─── Source records

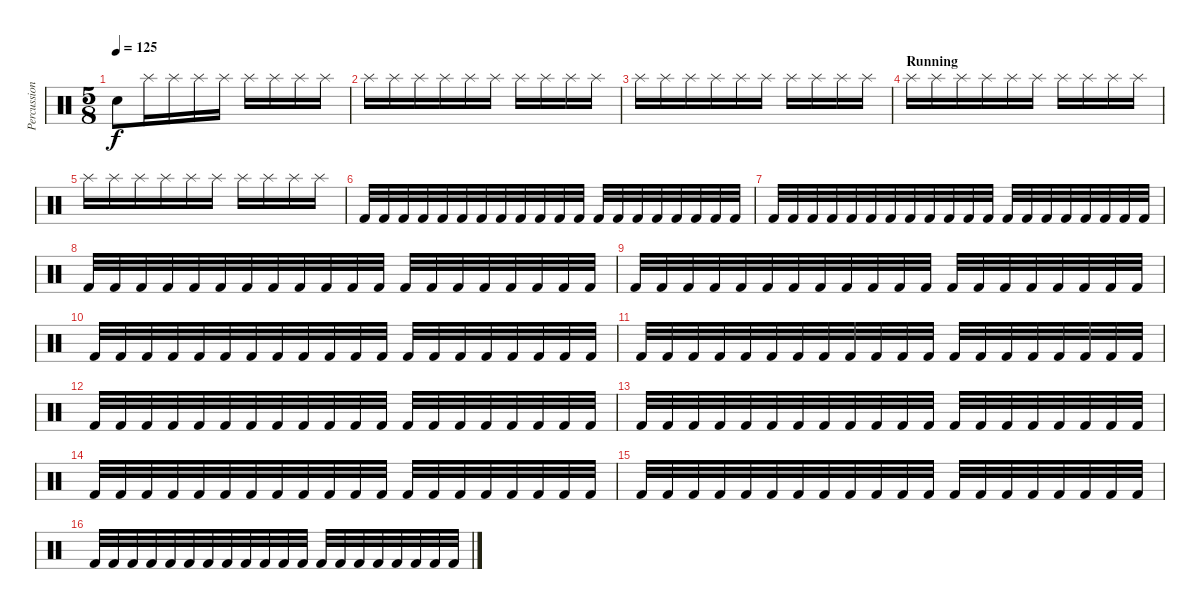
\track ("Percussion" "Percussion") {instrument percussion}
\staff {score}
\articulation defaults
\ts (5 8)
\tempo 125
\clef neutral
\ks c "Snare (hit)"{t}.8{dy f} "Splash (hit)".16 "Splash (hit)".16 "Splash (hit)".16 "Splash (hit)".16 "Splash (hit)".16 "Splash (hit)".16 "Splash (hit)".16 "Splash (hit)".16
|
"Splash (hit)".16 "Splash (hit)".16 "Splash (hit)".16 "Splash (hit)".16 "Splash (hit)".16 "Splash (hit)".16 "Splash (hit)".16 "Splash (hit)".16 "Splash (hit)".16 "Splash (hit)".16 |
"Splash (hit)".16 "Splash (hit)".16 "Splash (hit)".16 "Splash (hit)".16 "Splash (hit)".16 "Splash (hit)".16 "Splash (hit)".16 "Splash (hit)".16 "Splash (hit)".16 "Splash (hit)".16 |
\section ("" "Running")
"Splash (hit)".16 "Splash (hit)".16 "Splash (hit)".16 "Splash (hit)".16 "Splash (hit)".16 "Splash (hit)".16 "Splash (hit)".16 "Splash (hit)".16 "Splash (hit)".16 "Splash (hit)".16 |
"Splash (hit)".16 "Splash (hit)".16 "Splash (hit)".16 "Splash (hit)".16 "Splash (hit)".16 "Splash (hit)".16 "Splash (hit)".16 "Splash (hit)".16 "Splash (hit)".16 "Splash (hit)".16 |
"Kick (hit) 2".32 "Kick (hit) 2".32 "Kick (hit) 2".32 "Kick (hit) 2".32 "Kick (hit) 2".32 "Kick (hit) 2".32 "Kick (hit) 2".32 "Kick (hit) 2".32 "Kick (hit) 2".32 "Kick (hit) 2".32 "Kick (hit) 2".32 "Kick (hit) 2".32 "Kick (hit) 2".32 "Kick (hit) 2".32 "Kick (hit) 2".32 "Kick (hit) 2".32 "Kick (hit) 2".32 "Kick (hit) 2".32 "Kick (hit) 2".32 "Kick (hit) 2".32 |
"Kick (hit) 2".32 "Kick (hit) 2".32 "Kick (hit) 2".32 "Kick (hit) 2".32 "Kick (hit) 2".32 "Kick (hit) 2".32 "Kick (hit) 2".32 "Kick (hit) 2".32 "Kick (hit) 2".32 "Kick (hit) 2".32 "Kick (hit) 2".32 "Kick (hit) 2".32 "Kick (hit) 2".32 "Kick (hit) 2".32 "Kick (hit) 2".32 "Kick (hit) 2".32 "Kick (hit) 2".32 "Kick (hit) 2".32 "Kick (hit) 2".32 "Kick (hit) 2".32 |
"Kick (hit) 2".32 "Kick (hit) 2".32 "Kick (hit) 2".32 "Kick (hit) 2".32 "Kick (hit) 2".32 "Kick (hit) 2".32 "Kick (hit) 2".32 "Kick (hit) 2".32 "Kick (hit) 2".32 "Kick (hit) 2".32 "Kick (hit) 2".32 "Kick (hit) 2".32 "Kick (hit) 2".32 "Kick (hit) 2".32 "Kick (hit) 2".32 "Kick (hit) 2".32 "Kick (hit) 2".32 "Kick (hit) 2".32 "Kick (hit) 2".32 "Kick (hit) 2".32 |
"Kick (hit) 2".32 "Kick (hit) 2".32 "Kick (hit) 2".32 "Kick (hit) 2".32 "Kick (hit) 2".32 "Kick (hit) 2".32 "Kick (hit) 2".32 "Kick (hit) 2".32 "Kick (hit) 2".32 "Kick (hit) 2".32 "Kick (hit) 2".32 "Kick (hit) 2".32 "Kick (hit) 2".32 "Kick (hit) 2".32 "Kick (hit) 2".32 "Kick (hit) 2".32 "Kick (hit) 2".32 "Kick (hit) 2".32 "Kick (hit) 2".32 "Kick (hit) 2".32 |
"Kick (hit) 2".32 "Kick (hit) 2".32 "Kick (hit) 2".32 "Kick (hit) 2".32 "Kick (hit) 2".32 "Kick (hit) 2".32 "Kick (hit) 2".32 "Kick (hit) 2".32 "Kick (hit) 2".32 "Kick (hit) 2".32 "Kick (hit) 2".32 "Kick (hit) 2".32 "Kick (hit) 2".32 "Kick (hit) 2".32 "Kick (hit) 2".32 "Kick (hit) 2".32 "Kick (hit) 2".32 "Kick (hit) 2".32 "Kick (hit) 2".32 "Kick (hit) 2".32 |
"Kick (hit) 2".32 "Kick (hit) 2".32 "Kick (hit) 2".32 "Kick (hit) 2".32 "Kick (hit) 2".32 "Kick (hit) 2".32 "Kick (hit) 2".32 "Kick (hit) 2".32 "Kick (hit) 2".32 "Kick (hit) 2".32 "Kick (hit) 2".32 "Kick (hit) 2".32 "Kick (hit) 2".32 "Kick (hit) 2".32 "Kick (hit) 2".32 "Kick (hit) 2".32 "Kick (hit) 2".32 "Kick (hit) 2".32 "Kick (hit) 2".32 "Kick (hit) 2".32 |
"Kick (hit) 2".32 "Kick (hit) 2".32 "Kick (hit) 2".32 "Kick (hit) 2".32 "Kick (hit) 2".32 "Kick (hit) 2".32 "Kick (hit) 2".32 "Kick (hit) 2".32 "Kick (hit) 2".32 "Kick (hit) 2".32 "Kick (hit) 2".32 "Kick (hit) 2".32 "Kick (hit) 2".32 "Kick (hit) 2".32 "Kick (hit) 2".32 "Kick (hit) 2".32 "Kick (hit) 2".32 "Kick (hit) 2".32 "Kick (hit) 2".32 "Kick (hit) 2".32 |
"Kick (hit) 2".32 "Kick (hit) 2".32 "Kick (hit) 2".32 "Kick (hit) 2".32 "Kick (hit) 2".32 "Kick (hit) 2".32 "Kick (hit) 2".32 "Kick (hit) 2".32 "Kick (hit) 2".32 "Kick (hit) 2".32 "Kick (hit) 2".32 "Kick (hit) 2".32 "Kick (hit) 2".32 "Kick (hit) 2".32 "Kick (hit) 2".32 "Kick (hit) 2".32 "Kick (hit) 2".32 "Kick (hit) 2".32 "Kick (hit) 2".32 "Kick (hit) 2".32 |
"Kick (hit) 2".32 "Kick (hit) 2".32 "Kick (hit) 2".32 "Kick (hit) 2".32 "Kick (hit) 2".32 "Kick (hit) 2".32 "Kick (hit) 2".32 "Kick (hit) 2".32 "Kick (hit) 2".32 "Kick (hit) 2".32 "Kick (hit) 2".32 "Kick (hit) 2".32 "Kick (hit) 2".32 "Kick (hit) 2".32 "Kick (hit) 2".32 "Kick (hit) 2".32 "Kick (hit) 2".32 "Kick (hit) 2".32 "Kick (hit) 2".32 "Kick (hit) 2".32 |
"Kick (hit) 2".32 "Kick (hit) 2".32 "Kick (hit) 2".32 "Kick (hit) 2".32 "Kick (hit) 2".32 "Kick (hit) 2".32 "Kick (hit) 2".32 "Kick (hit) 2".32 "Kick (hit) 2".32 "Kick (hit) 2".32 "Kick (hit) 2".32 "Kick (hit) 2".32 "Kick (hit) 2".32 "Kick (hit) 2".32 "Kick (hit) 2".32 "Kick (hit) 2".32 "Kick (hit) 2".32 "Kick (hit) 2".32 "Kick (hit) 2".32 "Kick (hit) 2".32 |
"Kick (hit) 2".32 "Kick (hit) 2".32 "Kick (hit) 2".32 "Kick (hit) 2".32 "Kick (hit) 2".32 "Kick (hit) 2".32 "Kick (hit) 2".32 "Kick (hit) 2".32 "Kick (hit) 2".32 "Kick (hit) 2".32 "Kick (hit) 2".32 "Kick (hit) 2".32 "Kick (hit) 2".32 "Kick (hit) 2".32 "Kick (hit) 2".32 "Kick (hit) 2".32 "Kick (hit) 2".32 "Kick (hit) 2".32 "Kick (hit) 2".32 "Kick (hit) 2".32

──────
─── Source records

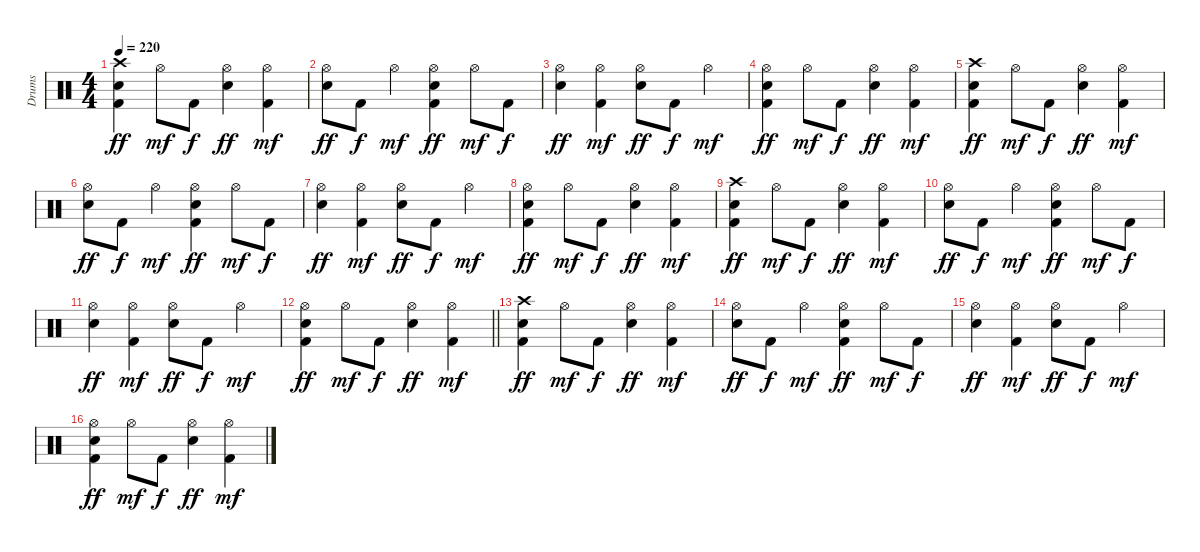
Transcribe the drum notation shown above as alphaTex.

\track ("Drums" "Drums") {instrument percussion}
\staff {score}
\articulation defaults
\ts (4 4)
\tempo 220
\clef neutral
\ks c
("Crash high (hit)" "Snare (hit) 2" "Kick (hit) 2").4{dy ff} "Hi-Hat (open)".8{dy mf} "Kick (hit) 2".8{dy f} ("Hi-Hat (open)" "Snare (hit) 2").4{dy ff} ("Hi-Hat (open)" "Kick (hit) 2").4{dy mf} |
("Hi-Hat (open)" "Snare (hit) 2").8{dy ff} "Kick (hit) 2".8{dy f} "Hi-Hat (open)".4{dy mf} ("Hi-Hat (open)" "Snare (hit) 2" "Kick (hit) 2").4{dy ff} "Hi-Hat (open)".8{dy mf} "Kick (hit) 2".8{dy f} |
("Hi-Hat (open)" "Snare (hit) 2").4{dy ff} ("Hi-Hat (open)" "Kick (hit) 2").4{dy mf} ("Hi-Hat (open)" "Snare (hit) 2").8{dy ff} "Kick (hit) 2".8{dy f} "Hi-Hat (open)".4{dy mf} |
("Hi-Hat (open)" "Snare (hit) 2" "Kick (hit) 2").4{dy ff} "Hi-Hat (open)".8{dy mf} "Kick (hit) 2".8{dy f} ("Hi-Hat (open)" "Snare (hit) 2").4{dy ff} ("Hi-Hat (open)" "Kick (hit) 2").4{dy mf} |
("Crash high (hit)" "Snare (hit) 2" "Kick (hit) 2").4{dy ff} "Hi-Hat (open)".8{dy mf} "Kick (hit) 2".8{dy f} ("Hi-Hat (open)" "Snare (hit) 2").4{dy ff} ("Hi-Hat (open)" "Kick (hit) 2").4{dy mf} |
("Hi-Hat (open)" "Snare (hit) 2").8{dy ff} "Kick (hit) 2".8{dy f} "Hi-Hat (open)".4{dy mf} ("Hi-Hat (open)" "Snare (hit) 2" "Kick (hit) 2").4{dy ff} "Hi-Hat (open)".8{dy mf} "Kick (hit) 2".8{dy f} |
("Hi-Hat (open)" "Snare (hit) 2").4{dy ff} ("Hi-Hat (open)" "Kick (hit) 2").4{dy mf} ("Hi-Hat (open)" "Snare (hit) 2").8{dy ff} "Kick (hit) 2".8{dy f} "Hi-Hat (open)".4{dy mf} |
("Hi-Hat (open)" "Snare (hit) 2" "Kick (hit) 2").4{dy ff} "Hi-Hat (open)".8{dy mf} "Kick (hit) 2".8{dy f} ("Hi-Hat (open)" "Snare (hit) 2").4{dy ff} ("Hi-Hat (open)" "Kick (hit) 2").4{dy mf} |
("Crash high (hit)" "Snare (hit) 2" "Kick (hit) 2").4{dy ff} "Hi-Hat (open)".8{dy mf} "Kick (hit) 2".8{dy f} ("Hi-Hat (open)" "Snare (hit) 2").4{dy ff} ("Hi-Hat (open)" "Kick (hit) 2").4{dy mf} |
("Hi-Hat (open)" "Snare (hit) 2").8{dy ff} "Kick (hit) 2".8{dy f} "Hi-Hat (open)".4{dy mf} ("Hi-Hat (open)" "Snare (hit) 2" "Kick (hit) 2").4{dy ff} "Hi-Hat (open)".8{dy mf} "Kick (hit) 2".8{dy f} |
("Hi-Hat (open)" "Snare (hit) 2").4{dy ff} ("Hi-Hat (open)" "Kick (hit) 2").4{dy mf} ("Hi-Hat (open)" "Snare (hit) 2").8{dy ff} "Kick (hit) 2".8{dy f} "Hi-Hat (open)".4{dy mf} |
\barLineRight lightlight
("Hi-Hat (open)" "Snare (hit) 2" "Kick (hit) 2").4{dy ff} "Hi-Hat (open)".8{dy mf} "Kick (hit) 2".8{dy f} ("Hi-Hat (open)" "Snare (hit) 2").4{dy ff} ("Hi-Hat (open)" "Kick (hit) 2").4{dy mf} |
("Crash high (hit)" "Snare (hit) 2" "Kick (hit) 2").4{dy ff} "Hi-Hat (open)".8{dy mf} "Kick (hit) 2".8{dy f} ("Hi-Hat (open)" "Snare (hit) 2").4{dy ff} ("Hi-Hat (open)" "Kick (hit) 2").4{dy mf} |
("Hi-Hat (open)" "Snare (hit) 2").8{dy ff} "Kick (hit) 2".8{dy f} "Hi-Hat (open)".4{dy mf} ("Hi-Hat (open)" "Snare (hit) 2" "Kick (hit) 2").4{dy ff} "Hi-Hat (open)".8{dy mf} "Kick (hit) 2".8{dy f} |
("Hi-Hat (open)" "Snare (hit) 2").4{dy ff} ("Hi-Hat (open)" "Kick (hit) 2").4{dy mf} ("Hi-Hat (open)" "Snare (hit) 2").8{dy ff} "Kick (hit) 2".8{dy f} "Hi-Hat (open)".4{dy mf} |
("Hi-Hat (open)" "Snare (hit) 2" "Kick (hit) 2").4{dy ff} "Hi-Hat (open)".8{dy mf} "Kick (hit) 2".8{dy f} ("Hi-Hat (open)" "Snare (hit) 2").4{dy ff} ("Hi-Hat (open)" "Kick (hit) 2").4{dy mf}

──────

• Instructions for the task: Using the records above, copy all lines that include the word "percussion".

• The answer:
\track ("Percussion" "Percussion") {instrument percussion}
\track ("Drums" "Drums") {instrument percussion}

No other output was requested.